[[ Provided records, beginning ]]

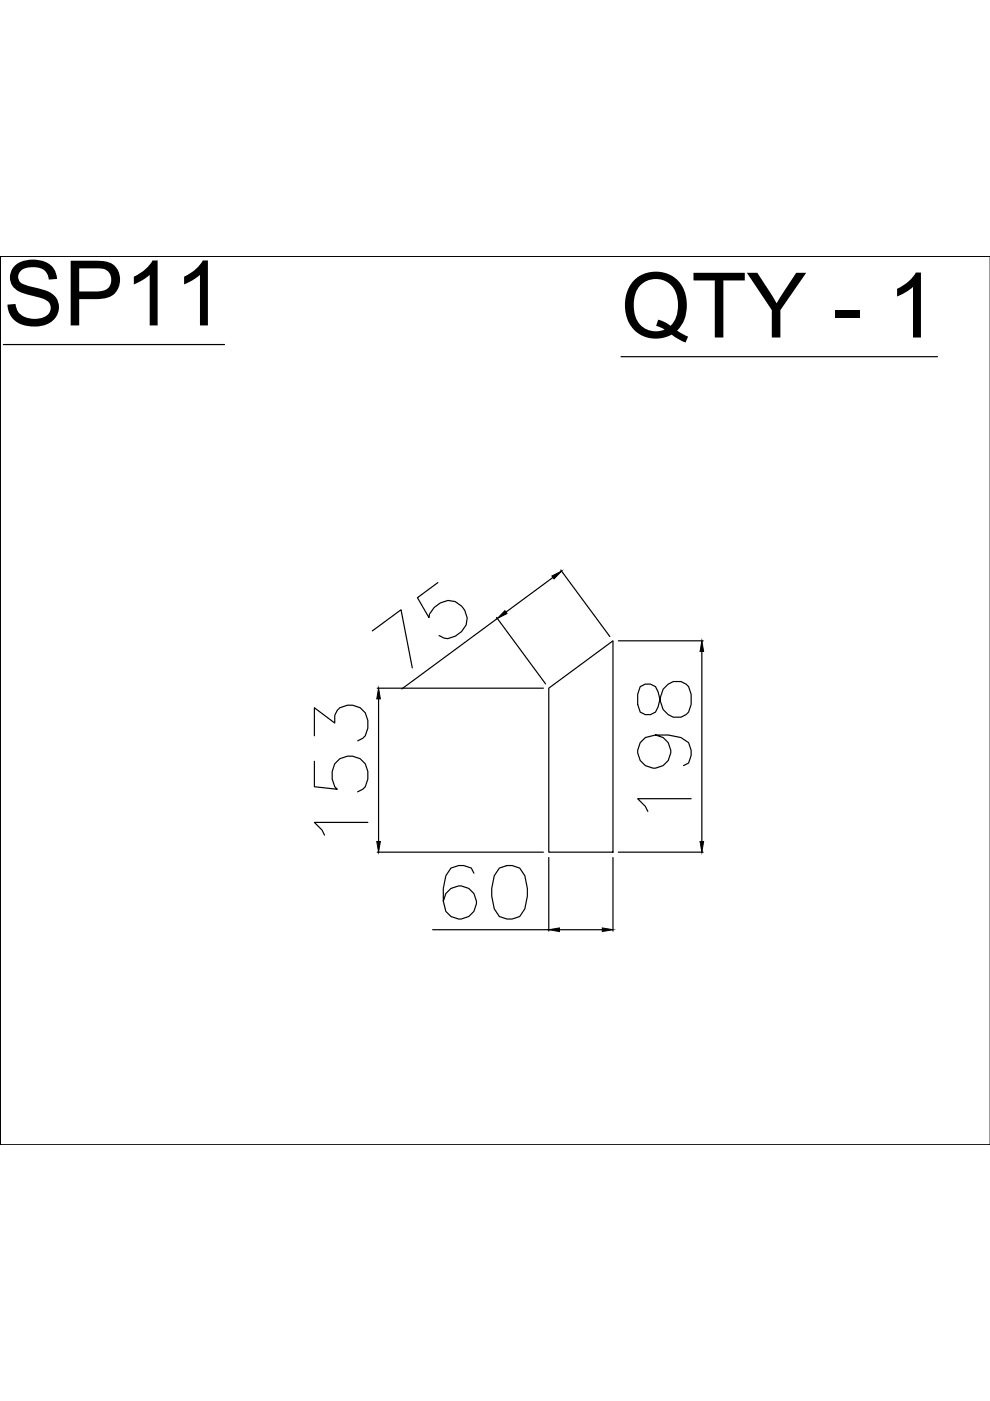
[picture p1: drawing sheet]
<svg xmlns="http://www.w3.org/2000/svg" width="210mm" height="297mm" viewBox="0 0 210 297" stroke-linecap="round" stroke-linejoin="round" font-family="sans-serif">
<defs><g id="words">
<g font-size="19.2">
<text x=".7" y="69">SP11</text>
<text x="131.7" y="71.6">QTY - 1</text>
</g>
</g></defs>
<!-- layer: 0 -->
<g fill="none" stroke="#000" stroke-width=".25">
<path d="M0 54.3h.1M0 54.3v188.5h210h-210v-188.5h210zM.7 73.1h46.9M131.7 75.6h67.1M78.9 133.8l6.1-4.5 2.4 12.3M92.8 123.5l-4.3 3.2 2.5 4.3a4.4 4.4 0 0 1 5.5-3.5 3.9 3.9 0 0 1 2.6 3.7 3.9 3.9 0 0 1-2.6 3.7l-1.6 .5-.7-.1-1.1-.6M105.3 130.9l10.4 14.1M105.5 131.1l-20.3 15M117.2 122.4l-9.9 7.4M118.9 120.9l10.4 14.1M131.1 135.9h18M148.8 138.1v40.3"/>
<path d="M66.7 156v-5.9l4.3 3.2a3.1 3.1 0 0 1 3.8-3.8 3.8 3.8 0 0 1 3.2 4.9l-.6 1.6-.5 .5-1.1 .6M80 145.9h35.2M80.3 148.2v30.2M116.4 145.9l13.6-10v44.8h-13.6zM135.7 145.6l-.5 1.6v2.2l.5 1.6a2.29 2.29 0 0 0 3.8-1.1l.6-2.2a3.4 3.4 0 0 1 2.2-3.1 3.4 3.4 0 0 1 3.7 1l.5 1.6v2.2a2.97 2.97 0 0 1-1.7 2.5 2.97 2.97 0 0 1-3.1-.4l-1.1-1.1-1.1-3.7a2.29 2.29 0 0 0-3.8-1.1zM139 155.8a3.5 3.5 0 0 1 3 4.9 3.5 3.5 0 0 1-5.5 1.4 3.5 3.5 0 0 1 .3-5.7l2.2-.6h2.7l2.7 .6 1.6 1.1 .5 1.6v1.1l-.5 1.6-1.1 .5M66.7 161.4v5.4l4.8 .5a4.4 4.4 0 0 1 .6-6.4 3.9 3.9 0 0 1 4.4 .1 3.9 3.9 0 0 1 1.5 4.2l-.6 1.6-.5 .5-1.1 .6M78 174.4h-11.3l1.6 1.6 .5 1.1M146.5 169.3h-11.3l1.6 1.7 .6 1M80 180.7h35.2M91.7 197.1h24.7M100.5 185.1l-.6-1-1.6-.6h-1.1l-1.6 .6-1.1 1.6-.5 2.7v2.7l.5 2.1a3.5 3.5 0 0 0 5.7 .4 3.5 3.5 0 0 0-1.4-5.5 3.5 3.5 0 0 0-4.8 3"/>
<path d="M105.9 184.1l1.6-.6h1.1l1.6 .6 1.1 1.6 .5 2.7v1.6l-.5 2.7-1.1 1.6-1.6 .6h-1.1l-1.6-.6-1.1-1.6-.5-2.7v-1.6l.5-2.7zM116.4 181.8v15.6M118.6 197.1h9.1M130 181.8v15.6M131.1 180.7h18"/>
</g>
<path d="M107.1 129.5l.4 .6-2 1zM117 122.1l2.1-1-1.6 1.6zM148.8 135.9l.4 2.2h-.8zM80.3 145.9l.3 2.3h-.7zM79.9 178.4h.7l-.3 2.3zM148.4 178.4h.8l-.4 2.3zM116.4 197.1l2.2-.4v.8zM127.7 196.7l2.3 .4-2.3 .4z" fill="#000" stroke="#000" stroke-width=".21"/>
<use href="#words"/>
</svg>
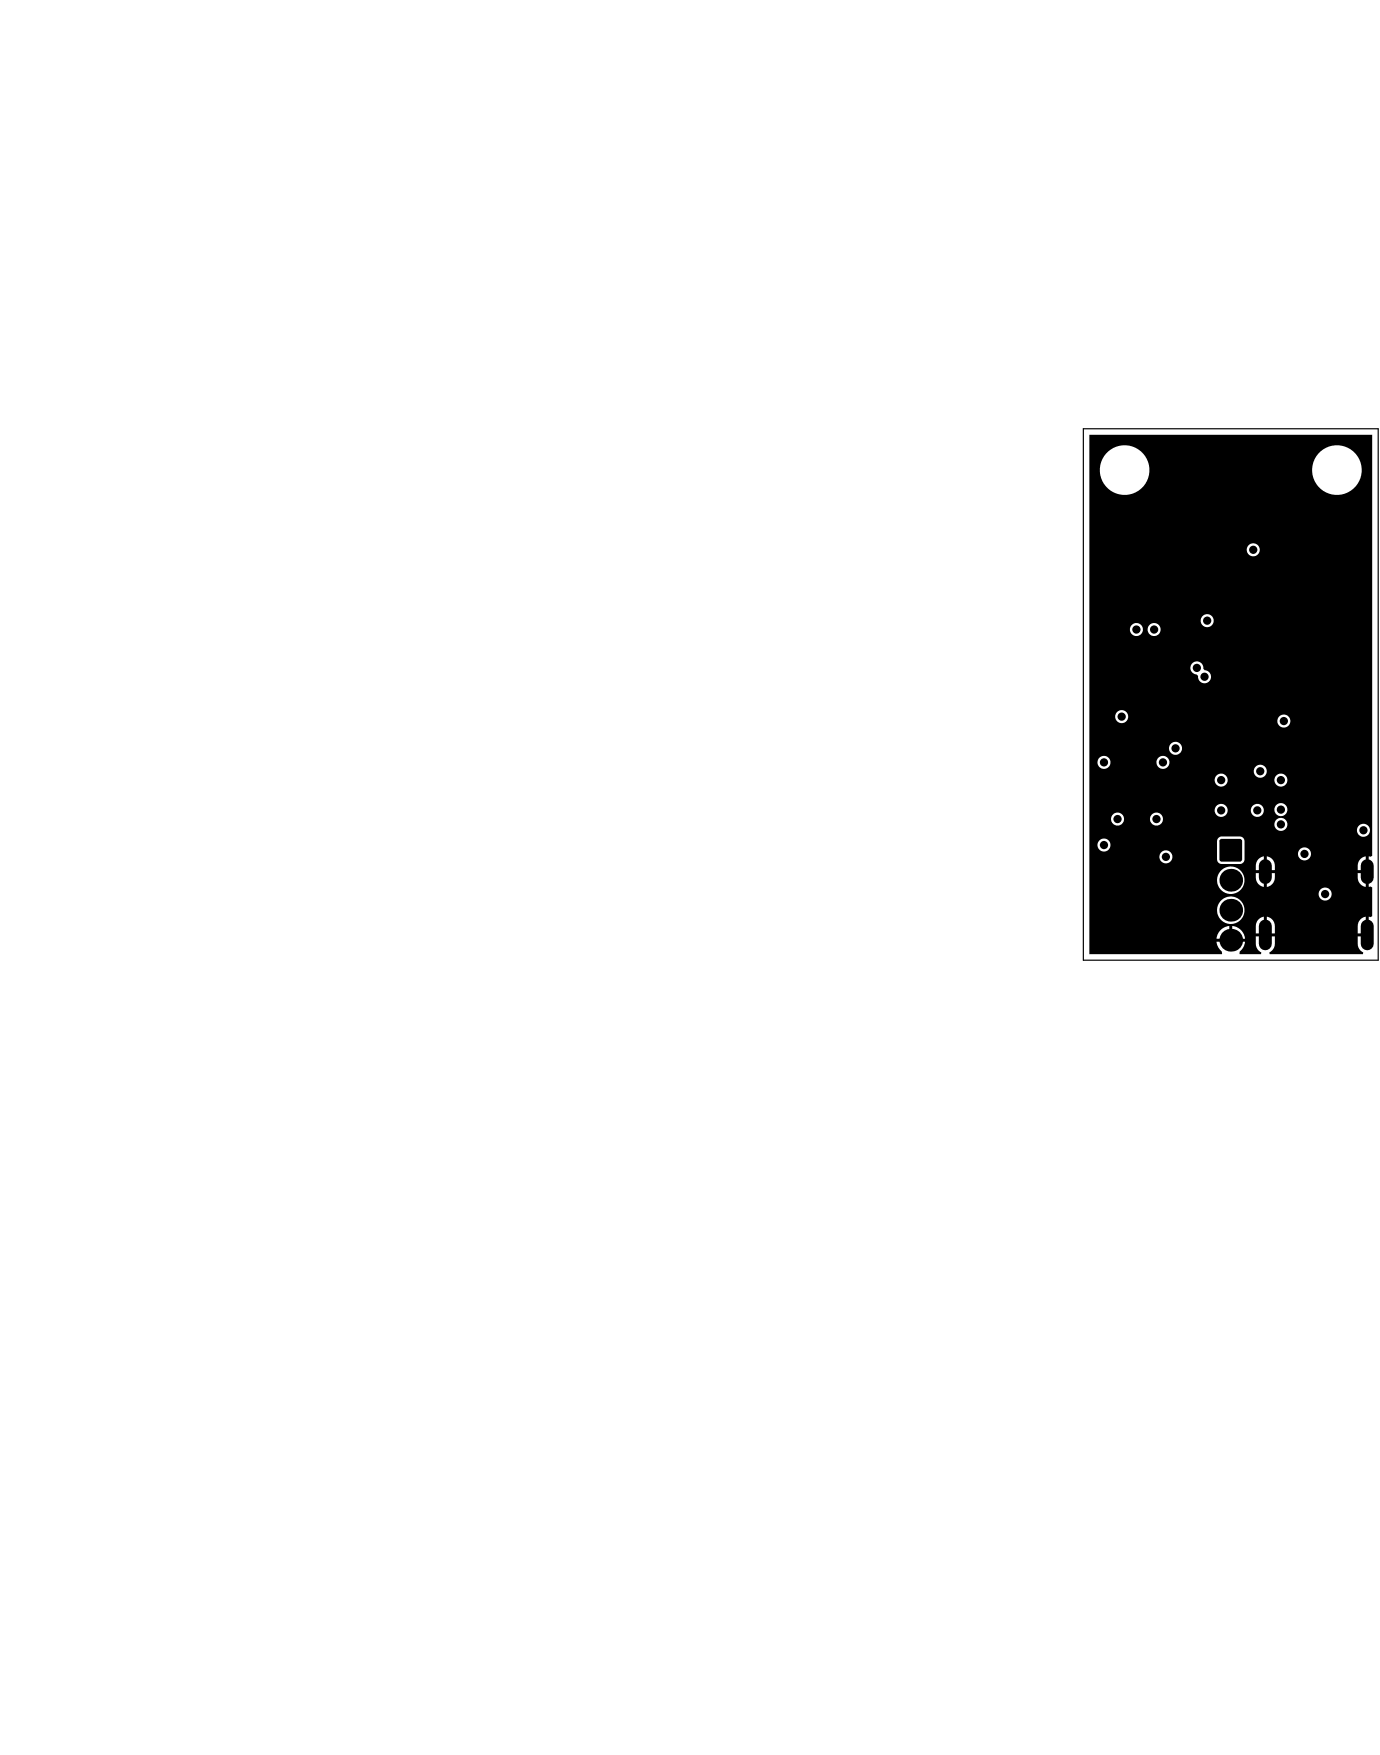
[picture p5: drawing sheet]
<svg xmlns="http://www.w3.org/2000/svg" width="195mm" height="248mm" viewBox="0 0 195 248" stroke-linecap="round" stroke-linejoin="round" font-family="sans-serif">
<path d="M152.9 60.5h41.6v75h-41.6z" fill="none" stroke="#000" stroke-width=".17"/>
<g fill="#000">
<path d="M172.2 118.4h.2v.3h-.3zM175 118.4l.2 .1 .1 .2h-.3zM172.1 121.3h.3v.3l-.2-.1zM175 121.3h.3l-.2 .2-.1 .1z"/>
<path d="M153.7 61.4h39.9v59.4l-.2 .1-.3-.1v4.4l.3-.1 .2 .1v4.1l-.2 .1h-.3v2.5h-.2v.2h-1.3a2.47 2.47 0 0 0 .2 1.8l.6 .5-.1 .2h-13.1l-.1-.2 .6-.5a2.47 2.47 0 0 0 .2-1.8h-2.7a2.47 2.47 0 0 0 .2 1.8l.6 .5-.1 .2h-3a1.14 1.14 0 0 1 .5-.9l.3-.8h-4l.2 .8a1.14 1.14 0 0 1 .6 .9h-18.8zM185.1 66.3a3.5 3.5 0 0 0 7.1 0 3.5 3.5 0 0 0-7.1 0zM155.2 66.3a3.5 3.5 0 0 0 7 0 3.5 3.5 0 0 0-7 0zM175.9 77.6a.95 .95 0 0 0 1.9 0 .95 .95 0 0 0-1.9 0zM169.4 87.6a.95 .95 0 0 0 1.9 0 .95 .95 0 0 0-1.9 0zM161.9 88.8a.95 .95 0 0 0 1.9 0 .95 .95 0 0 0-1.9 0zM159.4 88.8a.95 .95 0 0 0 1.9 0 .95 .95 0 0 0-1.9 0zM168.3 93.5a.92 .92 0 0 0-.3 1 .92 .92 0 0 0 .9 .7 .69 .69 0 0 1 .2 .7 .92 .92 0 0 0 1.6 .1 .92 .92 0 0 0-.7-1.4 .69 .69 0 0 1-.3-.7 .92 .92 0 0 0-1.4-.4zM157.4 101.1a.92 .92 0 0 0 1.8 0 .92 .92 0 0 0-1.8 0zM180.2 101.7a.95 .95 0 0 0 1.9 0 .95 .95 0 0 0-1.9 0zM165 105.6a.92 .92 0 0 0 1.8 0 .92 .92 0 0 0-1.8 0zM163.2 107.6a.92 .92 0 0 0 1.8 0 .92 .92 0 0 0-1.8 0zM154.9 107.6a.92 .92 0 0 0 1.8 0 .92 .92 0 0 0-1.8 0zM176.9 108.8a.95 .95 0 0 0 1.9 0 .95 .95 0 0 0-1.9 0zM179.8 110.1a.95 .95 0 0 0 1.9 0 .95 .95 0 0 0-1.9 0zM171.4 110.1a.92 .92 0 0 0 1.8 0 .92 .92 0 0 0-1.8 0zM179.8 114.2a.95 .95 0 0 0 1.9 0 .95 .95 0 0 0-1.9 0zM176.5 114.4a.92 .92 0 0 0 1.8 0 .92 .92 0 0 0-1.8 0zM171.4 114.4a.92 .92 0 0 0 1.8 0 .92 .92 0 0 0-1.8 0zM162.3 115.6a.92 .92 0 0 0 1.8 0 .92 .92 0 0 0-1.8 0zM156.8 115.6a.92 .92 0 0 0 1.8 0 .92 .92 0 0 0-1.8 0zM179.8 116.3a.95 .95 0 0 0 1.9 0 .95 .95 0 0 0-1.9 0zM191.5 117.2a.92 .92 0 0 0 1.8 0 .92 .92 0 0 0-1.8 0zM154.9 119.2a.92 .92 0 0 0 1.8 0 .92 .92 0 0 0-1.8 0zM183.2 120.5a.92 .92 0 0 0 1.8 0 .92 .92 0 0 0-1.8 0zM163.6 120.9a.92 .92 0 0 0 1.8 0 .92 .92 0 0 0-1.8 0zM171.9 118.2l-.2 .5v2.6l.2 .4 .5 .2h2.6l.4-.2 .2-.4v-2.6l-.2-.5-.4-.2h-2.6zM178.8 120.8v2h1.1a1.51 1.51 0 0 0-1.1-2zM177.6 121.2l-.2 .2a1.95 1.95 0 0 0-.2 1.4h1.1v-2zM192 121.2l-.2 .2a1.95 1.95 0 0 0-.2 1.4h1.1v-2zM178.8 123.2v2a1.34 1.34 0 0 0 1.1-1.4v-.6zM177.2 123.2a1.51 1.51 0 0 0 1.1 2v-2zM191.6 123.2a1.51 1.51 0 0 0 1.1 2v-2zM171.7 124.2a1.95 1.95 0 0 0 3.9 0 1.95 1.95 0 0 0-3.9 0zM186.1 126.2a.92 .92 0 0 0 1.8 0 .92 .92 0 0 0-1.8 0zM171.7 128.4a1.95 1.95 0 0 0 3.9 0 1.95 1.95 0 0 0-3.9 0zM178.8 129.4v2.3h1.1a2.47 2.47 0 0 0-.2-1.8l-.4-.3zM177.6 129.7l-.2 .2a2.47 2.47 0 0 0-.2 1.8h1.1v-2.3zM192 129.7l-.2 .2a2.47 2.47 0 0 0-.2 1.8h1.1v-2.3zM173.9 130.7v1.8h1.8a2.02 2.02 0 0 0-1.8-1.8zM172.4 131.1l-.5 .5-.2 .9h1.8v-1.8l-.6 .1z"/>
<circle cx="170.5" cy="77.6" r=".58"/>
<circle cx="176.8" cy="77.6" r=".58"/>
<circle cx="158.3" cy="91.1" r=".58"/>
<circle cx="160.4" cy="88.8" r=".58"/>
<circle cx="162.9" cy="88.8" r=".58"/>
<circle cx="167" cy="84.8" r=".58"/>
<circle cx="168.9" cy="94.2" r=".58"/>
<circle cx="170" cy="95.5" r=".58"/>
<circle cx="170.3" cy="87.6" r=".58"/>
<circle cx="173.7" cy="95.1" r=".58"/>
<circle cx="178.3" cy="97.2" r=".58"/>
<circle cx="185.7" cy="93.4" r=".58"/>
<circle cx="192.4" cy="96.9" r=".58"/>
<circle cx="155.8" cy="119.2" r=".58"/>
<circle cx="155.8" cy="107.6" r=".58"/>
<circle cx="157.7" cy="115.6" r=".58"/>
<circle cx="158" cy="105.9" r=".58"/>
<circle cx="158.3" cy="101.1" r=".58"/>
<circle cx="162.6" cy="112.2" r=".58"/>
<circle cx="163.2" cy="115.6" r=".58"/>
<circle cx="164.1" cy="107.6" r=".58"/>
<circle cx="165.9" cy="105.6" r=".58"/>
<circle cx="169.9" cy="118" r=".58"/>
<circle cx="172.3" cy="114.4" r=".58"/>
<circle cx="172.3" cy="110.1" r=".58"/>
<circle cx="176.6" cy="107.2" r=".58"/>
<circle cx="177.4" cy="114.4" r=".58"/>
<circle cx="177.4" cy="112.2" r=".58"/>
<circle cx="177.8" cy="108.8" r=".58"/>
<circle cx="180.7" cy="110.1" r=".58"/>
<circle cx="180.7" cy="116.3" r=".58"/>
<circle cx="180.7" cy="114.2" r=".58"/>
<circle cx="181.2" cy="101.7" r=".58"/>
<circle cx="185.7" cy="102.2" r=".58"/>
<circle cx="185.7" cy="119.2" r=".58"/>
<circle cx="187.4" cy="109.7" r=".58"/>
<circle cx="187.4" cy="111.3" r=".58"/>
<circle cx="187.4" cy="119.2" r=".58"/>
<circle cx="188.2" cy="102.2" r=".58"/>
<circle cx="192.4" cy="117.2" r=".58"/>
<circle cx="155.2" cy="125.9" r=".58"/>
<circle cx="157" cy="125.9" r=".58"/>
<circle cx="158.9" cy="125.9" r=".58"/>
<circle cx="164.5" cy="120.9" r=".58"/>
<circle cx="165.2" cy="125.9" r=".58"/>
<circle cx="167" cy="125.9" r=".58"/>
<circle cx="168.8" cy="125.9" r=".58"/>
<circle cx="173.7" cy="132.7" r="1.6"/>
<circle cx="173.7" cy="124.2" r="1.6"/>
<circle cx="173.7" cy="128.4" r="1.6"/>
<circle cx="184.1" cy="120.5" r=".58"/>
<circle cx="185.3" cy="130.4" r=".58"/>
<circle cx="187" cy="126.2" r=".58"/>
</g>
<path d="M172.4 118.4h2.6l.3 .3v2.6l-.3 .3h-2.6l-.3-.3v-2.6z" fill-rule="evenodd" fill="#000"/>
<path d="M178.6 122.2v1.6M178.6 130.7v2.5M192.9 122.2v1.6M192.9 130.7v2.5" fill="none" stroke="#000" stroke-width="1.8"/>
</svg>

[[ Provided records, end ]]

Work instruction:
I would like the number of lines in the material above that contain the string "fill", with no other words in the reply.

Task response:
6